No matter what, this is my beloved daughter

Few years ago, my daughter was diagnosed to have schizophrenia. I still remember it was during the examination period while the weather wasn’t too cold. Her classmates went to school as usual. My daughter who seldom took any sick leave said she didn’t want to go to school, and she felt chilly. I decided to keep her company to school, and explain the situation to teachers. After assessments and discussion, the social workers and the teachers judged that my daughter should stop sitting examinations immediately.

Before that day, the child looked a bit unwell. She once told me that it was deeply distressing for her to sit in front everyone during a school gathering. She felt suffocated. Another time, she got caught chatting with a classmate during a morning assembly. She was asked to stand alone in front of everyone as punishment. Piercing gaze from all classmates brought severe discomfort to her.

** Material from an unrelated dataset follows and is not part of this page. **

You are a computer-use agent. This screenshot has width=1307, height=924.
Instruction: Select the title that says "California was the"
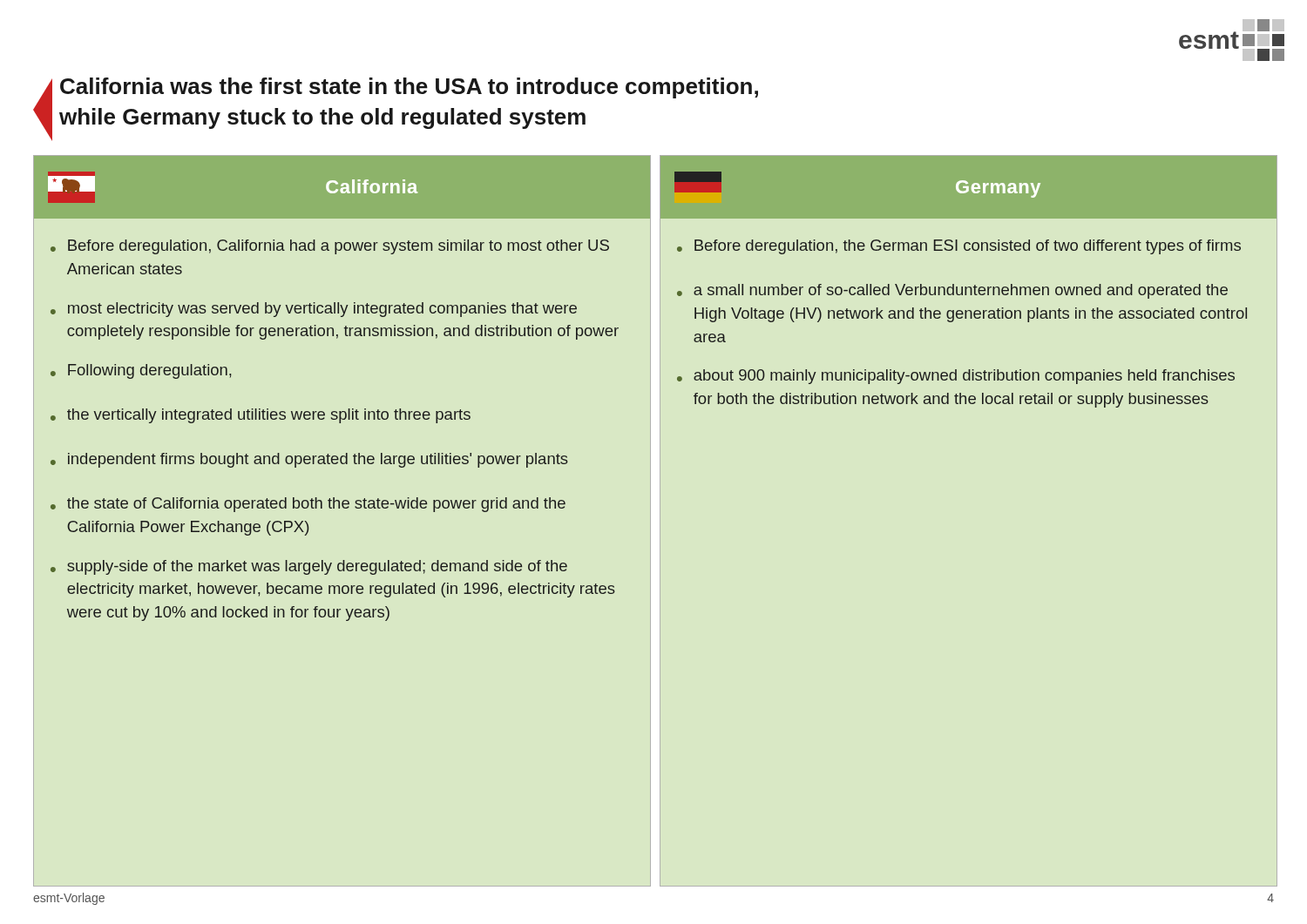pyautogui.click(x=451, y=102)

One day, a social worker told me that my child was under intense pressure which posed some mental problems to her. It was unbelievable. She looked perfectly normal until I had a meal with her in a restaurant. She could not concentrate on her meal, but was looking around. All of a sudden, she claimed that passers-by were staring at her intently. I started to realize that there was something wrong, and the social worker might be right. I felt anxious and my mind went blank.

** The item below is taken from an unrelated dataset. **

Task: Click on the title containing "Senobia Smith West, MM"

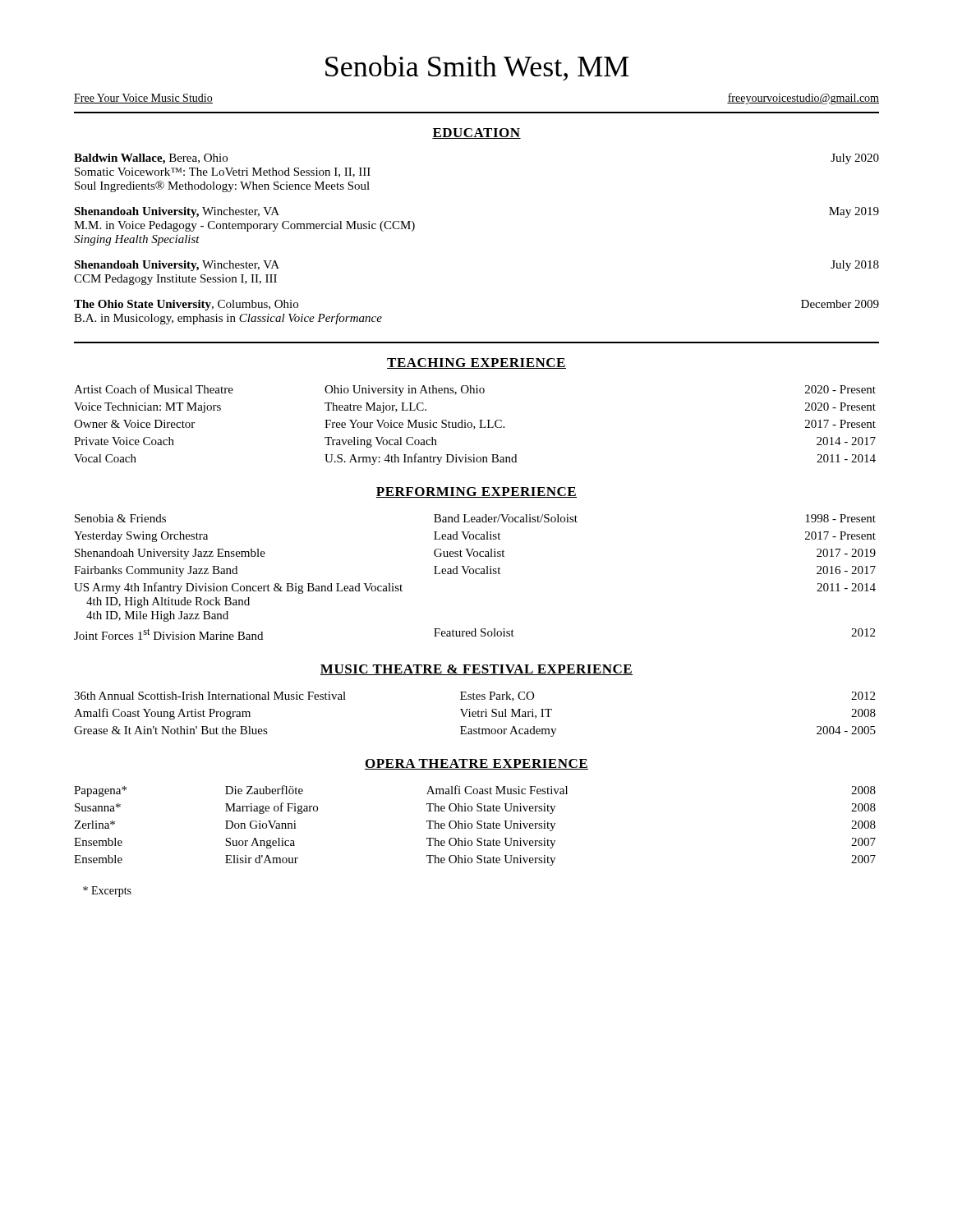Action: [x=476, y=67]

During my child’s course of illness, I took care of her in my best endeavours. At her onset, she appeared fearful, and her whole body shivered. Despite keeping her company, I couldn’t do anything but held her tight. I believed showing tender love and embracing her could soothe her.

I tried to change her introverted personality by encouraging her to contact with more people and make more friends. Meanwhile, I received help from social workers and teachers, and communicated with them. Whenever my child felt unwell, social workers always contacted me immediately so that I could coordinate with them. Slowly, my child established many friendships at school.

For me, there were ups and downs; there were moments when I felt pressurized, helpless and perturbed. Fortunately, I had friends to talk over with. My family members also offered substantial help, and nurse my child together. To me, their involvement is instrumental. I had my work to do. How could I possibly take care of my child without their help?

My child took medicines regularly, and her condition gradually stabilised. I felt relieved and willing to tell my relatives about our situation. I don’t care how others view us. No matter what, this is my beloved daughter.